7 min read
By Isak Sunde Singh
December 9, 2020
Often when we write code we have a clear idea in our minds of how to write the code, but when we actually write it, the compiler steps in and points out a few things for us. In statically-typed programming languages, we can get a lot of help from the compiler. One especially nice feature is compile-time checked exhaustive pattern-matching. As an example, let's look at some Elm code (if Elm is unfamiliar, go check out elm.christmas 😉):
type Color = Red | Green | Blue | RGB Float Float Float colorToString : Color -> String colorToString color = case color of Red -> "0xFF0000" Green -> "0x00FF00" Blue -> "0x0000FF"

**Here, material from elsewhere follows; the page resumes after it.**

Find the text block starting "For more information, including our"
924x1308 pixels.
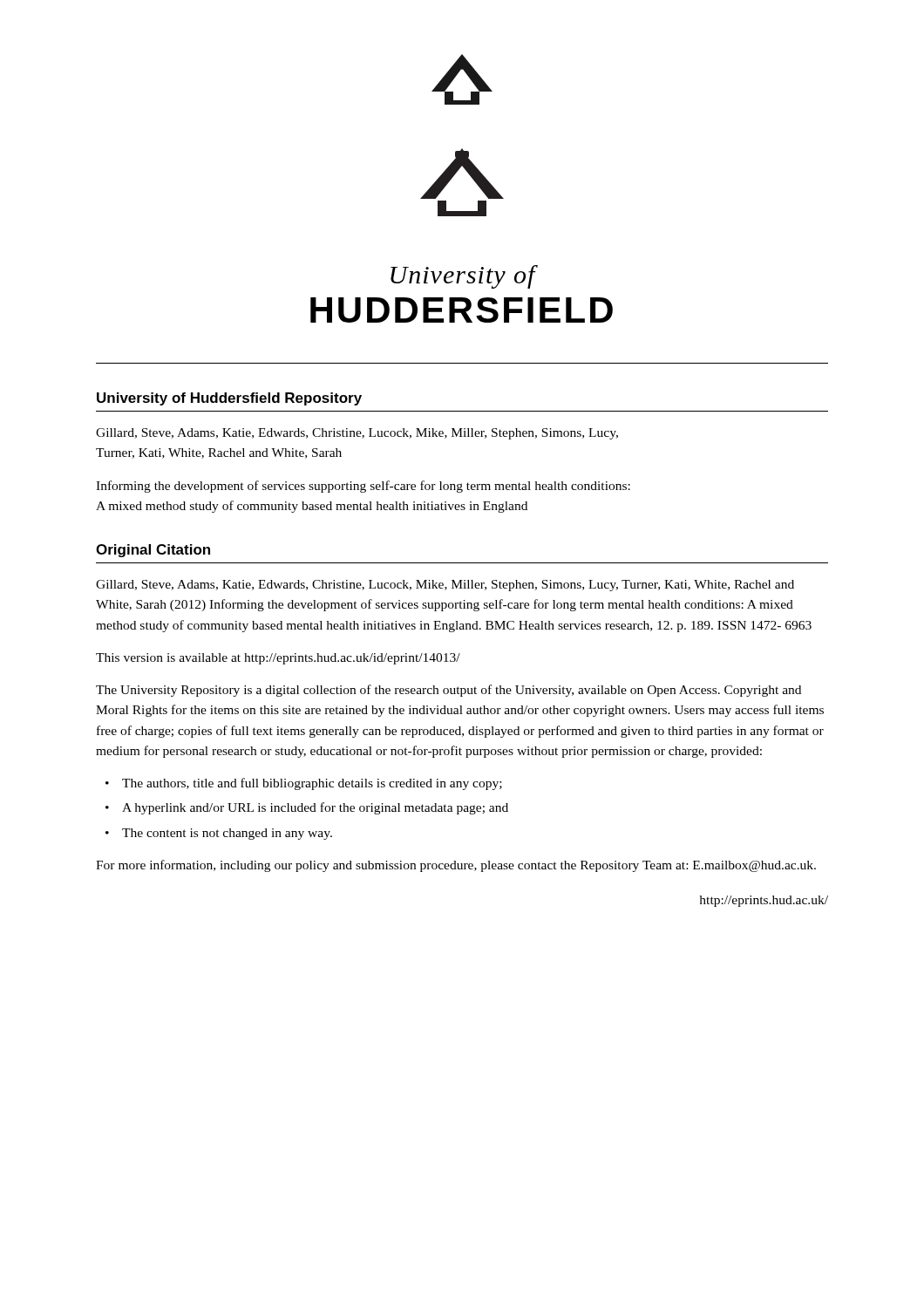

If we try to compile this piece of code, we get this friendly response from the compiler:
This `case` does not have branches for all possibilities: 11|> case color of 12|> Red -> "0xFF0000" 13|> Green -> "0x00FF00" 14|> Blue -> "0x0000FF" Missing possibilities include: RGB _ _ _ I would have to crash if I saw one of those. Add branches for them!
This is really nice as a lack of errors from the compiler means that we've handled all cases. Let's quickly fix the error by adding another case:
colorToString : Color -> String colorToString color = case color of Red -> "0xFF0000" Green -> "0x00FF00" Blue -> "0x0000FF" RGB r g b -> -- Elided for brevity
Now the compiler doesn't complain, so all our cases are covered!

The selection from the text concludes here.